The problem with modern AI isn't software, it's physics. The computing architecture that has powered progress since the 1940s is fundamentally incompatible with the way neural networks work.
On This Week in AI, Naveen Rao of Unconventional AI explained the mismatch. Today's computers are built on a paradigm designed for sequential calculation, like artillery trajectories. AI's neural networks operate on a different, parallel physics. Forcing them into the old system is wildly inefficient. Rao's goal is not just incremental chip improvements, but circuits that mimic the physics of neurons, targeting a thousand-fold efficiency gain within five years.

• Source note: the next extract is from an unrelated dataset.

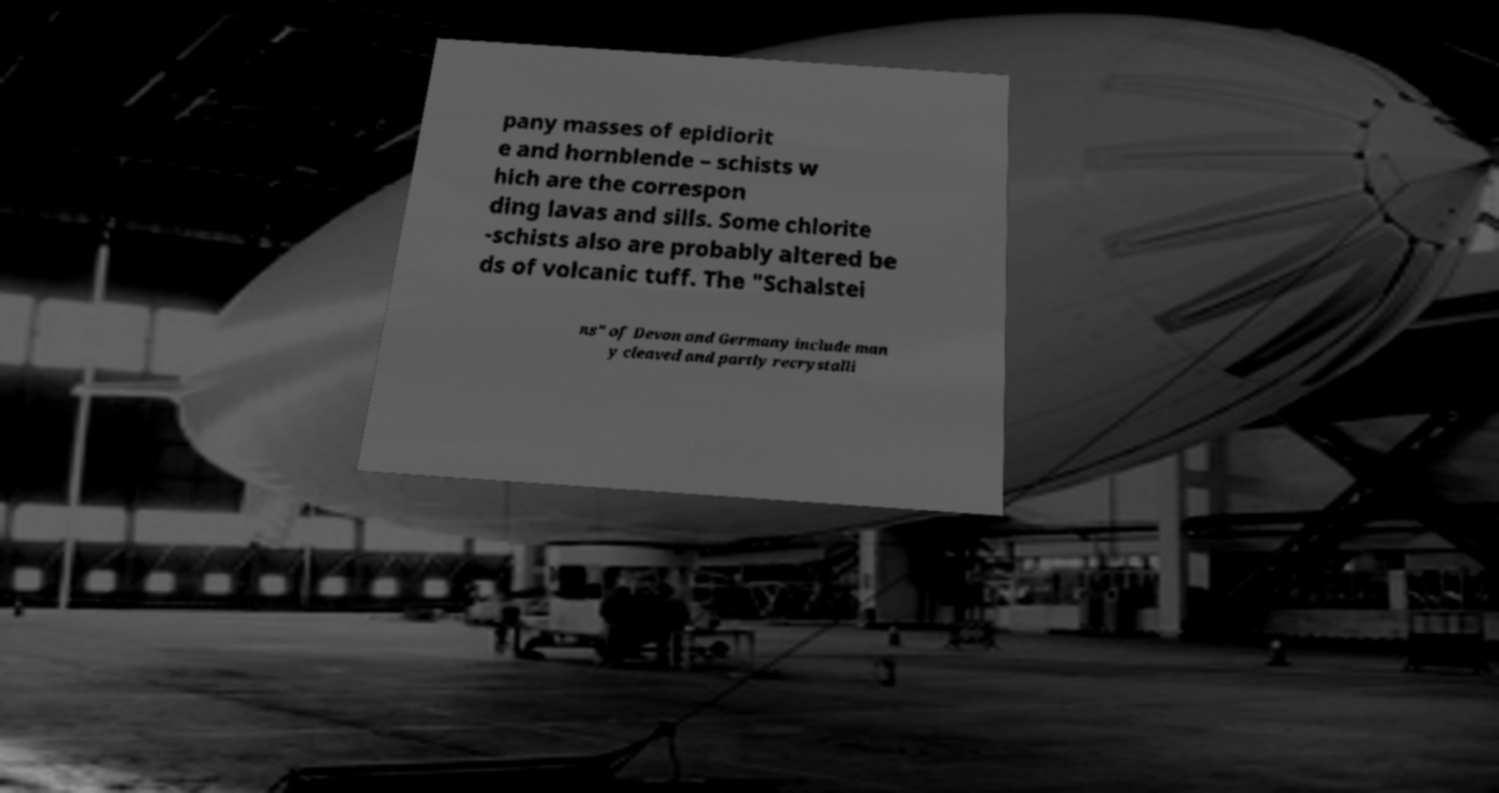Could you assist in decoding the text presented in this image and type it out clearly? pany masses of epidiorit e and hornblende – schists w hich are the correspon ding lavas and sills. Some chlorite -schists also are probably altered be ds of volcanic tuff. The "Schalstei ns" of Devon and Germany include man y cleaved and partly recrystalli 
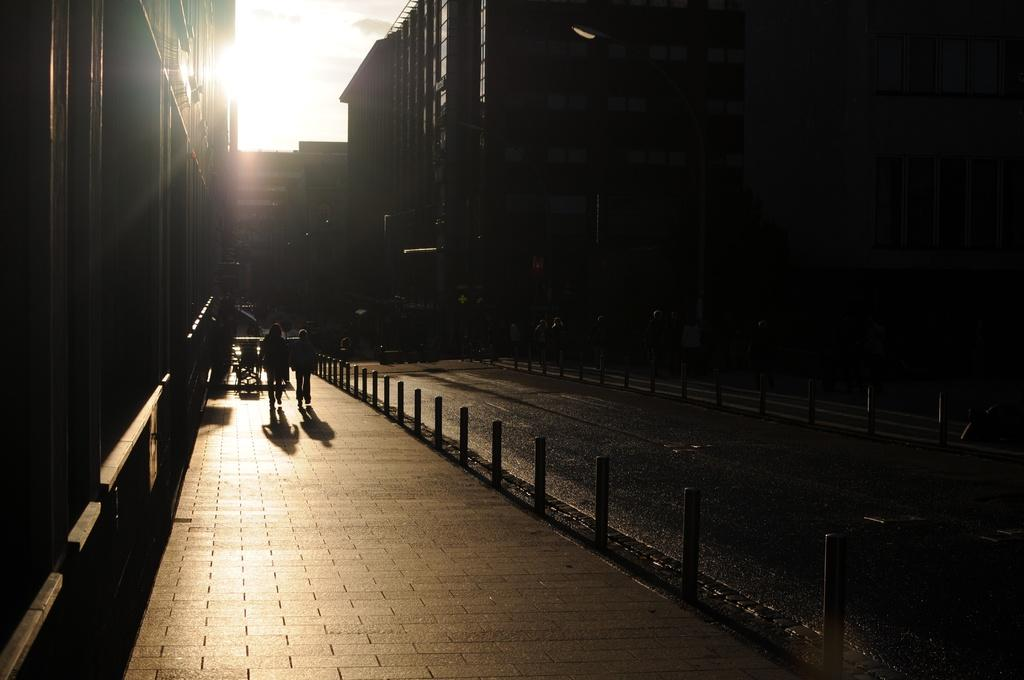What is the overall lighting condition in the image? The image is dark. Who or what can be seen in the image? There are people in the image. What structures are present in the image? There are poles and buildings in the image. What type of pathway is visible in the image? There is a road in the image. What can be seen in the background of the image? The sky is visible in the background of the image. What type of wood is used to make the pencil in the image? There is no pencil present in the image. What force is being applied to the buildings in the image? There is no force being applied to the buildings in the image; they are stationary. 
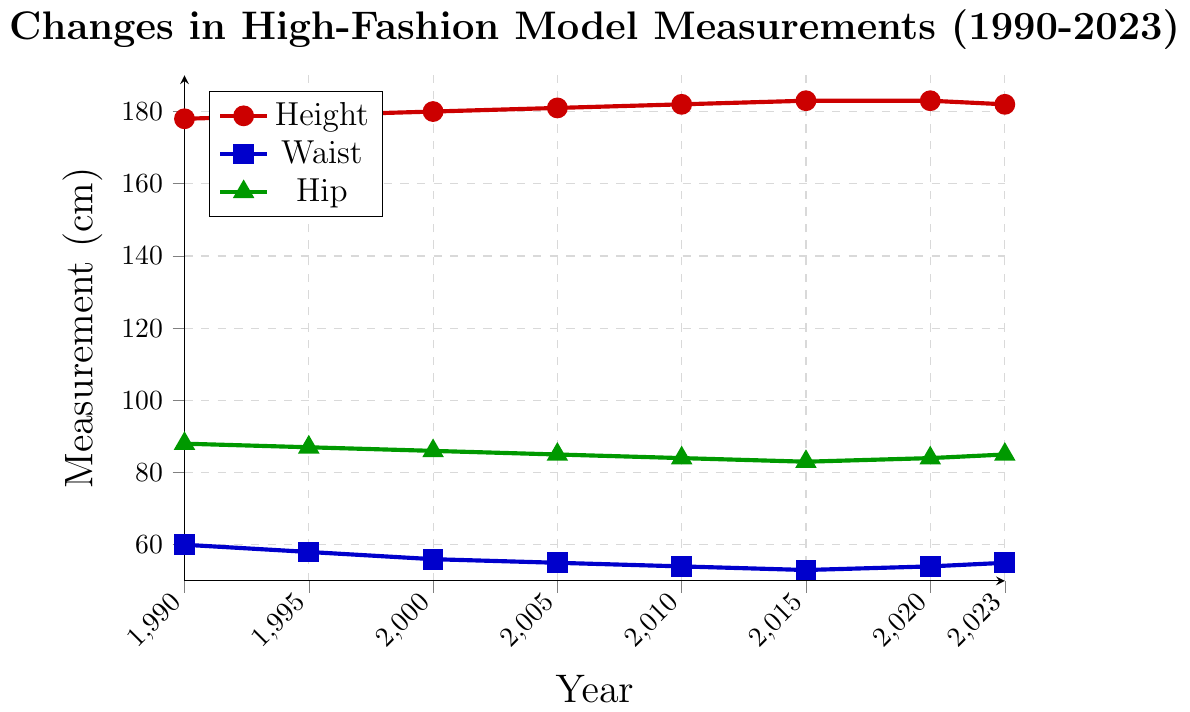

The brute-force alternative is already underway. Chase Lock Miller's Crusoe AI is building a 1.2-gigawatt data center campus, codenamed Stargate, for OpenAI and Oracle. This represents the current reality of powering intelligence, but it's unsustainable. The ultimate benchmark is the human brain, which operates on about 20 watts. The goal isn't just to match it, but to surpass it, unlocking synthetic intelligence at a scale we can't yet conceive.
Meanwhile, the software side is moving faster and becoming more accessible. Andrej Karpathy's Auto Research project, discussed on This Week in Startups, demonstrates that the core mechanism of AI self-improvement is not just theoretical. It's a simple loop where a small model iteratively rewrites its own code. Shopify CEO Tobi Lütke, a non-researcher, used it to score a 19% performance gain in hours.
This democratization of progress highlights a stark divide. In China, tools like OpenClaw see explosive grassroots adoption. In the U.S., public polling shows a net negative perception of the technology. Builders are racing ahead even as public trust lags.
The bottleneck for AI's future isn't just energy availability, it's how effectively we can use it. To move forward, we may need to forget the computer we all know and love.
Naveen Rao, This Week in AI:
- We're kind of thinking about the computer that we all know and love.
- It's something that's an 80-year-old paradigm.